That thousands dare to go into the streets despite the memory of Hama says much both about the level of outrage in Syria — “The spillover from other countries gave the push; the reasons wer there for a long, long time,” says Ma’oz — and about the difference between father and son. Human Rights Watch says at least 73 people have been killed by government forces since protests began earlier this month. But even death tolls are relative, and Ma’oz, a historian, sees a huge difference between the air force lieutenant who fought his way to the top of the Baath Party, and the son who grew up in a palace and just wanted to be an ophthamologist until his older brother, who was groomed to succeed Dad, died in a car wreck.

“Bashar is not a killer,” Ma’oz says. “His father was a killer.”

Still, he’s an Assad. In Arabic, the word means “lion.”

“In my opinion, he’s going to fight till the end. Maybe like Gaddafi, though he’s not as brutal as Gaddafi.”

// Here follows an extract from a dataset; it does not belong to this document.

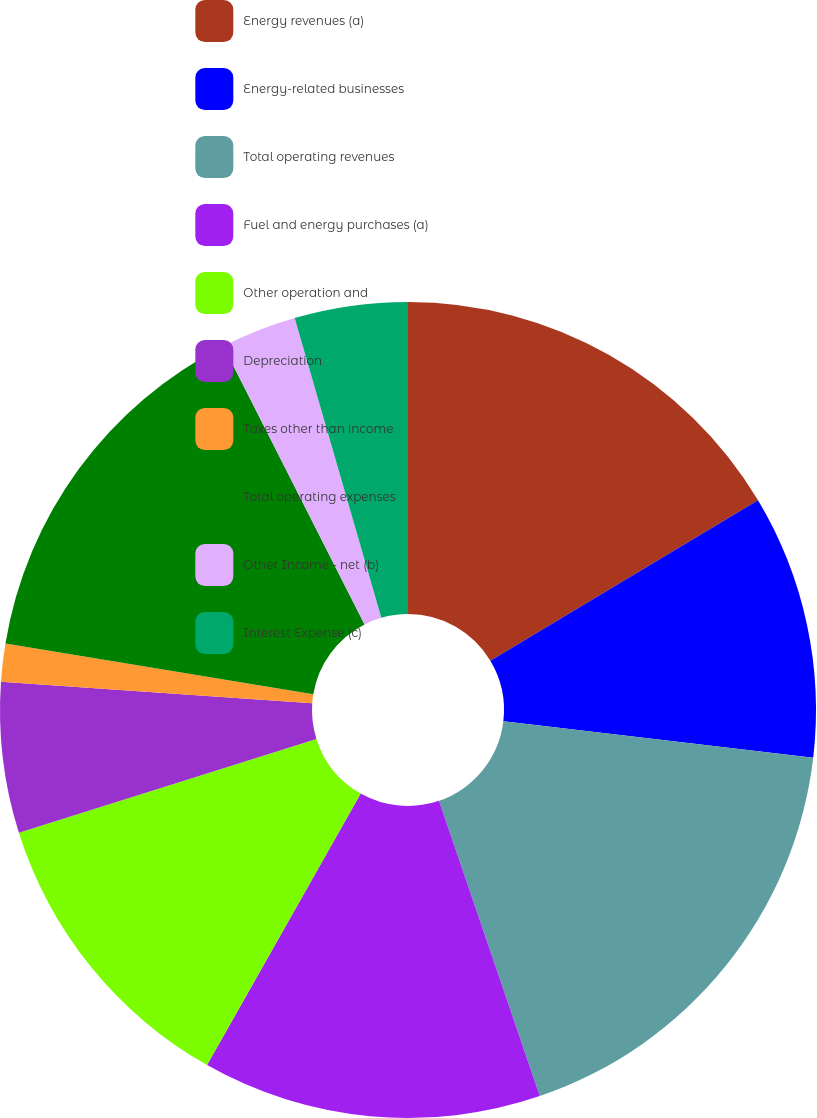Convert chart to OTSL. <chart><loc_0><loc_0><loc_500><loc_500><pie_chart><fcel>Energy revenues (a)<fcel>Energy-related businesses<fcel>Total operating revenues<fcel>Fuel and energy purchases (a)<fcel>Other operation and<fcel>Depreciation<fcel>Taxes other than income<fcel>Total operating expenses<fcel>Other Income - net (b)<fcel>Interest Expense (c)<nl><fcel>16.41%<fcel>10.45%<fcel>17.9%<fcel>13.43%<fcel>11.94%<fcel>5.97%<fcel>1.5%<fcel>14.92%<fcel>2.99%<fcel>4.48%<nl></chart>

Ma’oz, a professor emeritus of Islamic and of Middle Eastern Studies at Hebrew University in Jerusalem, briefed international journalists for more than an hour on Monday. He judges the Assad regime as vulnerable not only for the reasons driving revolts across the region — a dictator’s insults to dignity; lack of jobs; the security state — but but also for religious reasons. The Assads are Allawites, an obscure faith practiced by just 12 percent of Syrians, but counted as heretical by many conservatives in the Sunni Muslim majority. Both father and son have proved adept at balancing the interests of a challenging demography, building mosques by the hundred, and keeping Christians safe. But top positions in the secret police and military went to Allawites.

“Bashar himself is not totally hated, maybe because of his wife,” Mo’az says. “She was a very good choice. She’s beautiful. She’s intelligent — she’s Sunni.”

“I’m not going to bury him yet.”

“In military intelligence we would say: ‘King Hussein isn’t going to last a year because of A, B, C… Forty six years!”